ここは、飲食店がズラズラと軒を連ねる一方通行の細い路地。低階層の建物がほとんどだが、例のバーのあるビルの裏、一本隣の道は大通りで、そちらには大きなビルや病院、マンションが並んでいて、有名企業なんかもあったりする。

張り込みは主に飲食店から行う事になったそう。数時間毎に店を替え、ほとんどの店が閉まってしまう朝方は、急遽借りられた空き店舗や車の中から行うそうだ。

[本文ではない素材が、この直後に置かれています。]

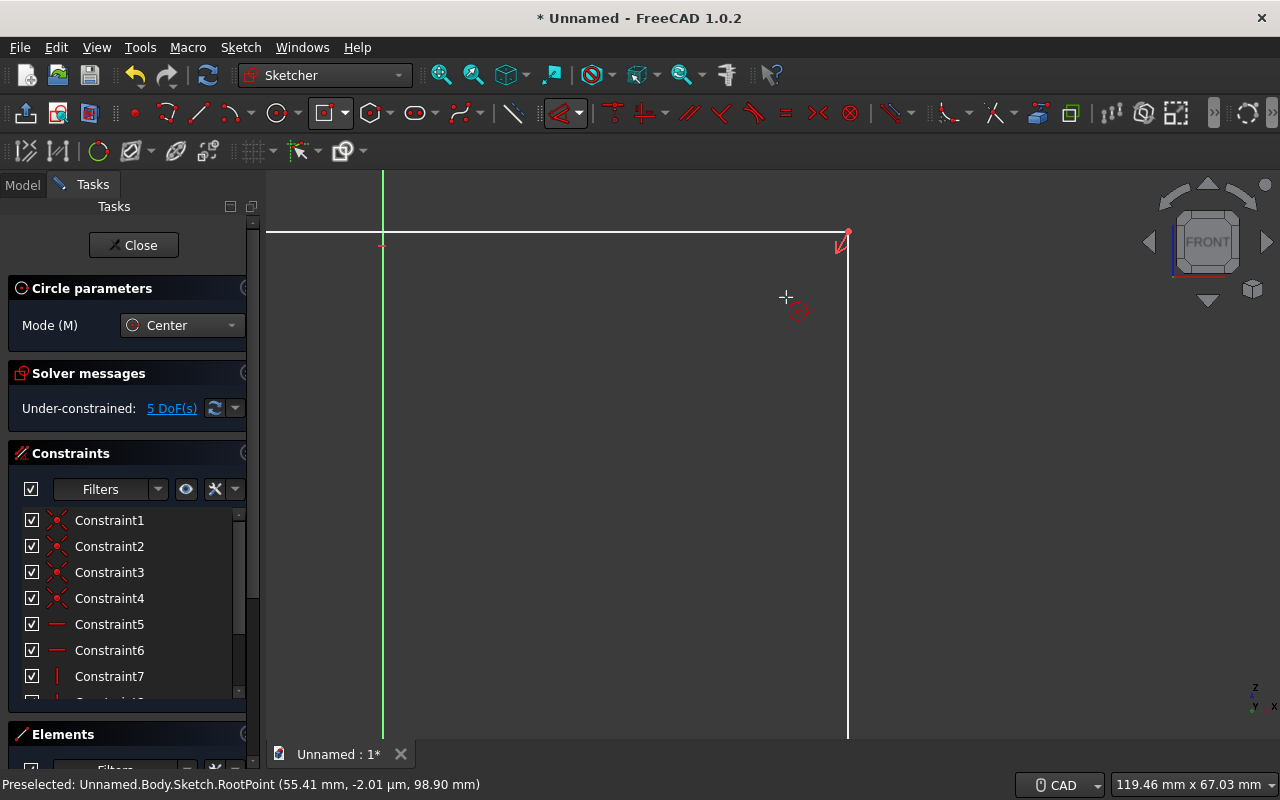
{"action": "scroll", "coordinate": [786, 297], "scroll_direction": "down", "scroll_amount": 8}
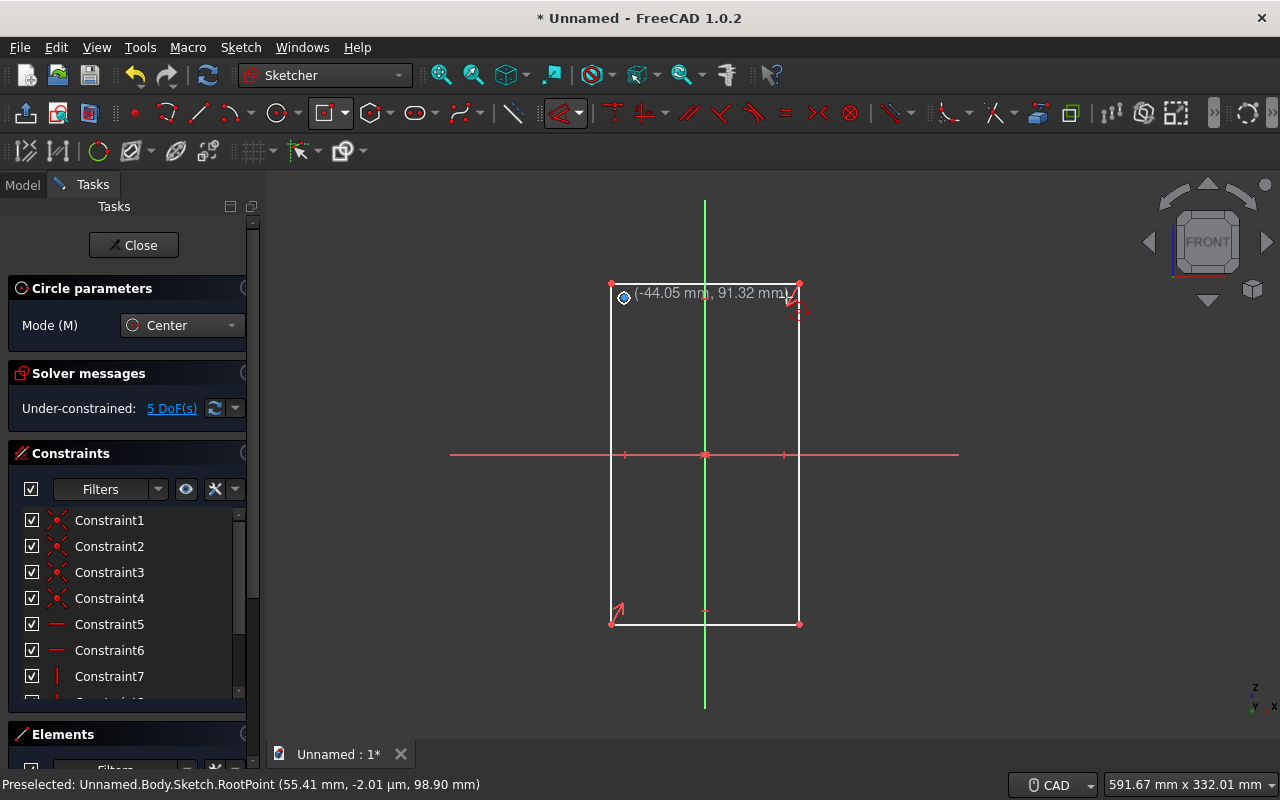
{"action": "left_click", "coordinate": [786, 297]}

三人して窓の外を見ながら、たまに食べ物を口に運びつつ、ボソボソと会話を続ける・・・


「あ、男が近付きます」

「酒屋・・・だな」

「ですね」


例のバーに酒屋が配達に来たようだ。路上に停められたバンに書かれた会社名をすぐにネットで検索する。

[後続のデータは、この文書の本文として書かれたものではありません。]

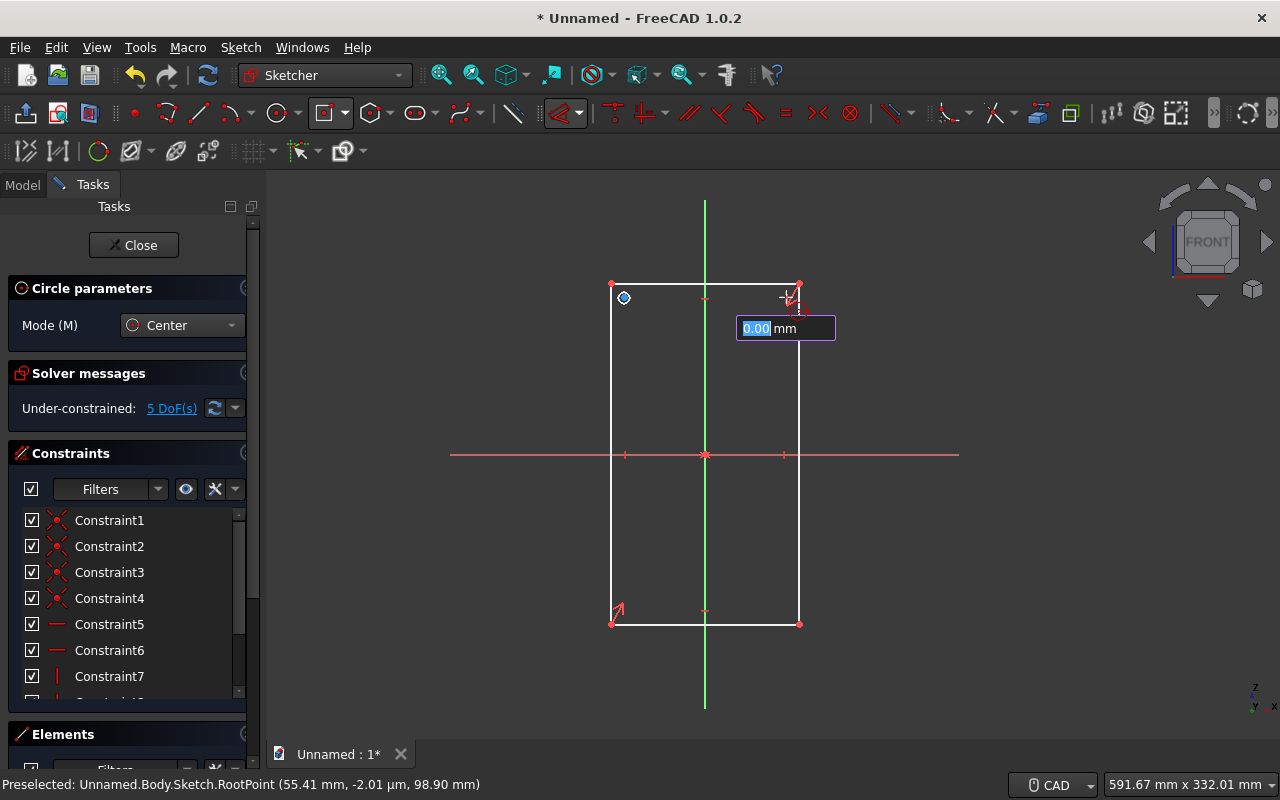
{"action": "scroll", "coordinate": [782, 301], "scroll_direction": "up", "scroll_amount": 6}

その男は例の店の鍵を開け(業者は飲食店の鍵を預かっている事がよくあるそう)、中に入り、しばらくするとおそらく空になった容器であろう物を抱えて出てきた。

そしてまた車に乗り、少し走ってまた止まり、今度は別の店へ向かっていく。


「今のは普通の配送だよな?」

「普通に見えたけど」

「まあ、かおりさんはそろそろ帰れよ」

「えー・・・うん」


もう少し見ていたいけど・・・たしかに秀一さんを待たせてるし、要件はとっくに済んでる。ちょうどグラスの中のウーロン茶も、すぐに飲み干せる量になっていた。

グラスを空にし、お金を置いて、居酒屋を出た。

スタスタと歩いて、車のある所へ戻り。
秀一さんに、降谷零も心当たりはないそうだと伝える。

優作さんに電話をかけ、“彼もその件に心当たりはないそうです”、“わたし達は一旦家に帰って例の所へ向かいます”とだけ伝え。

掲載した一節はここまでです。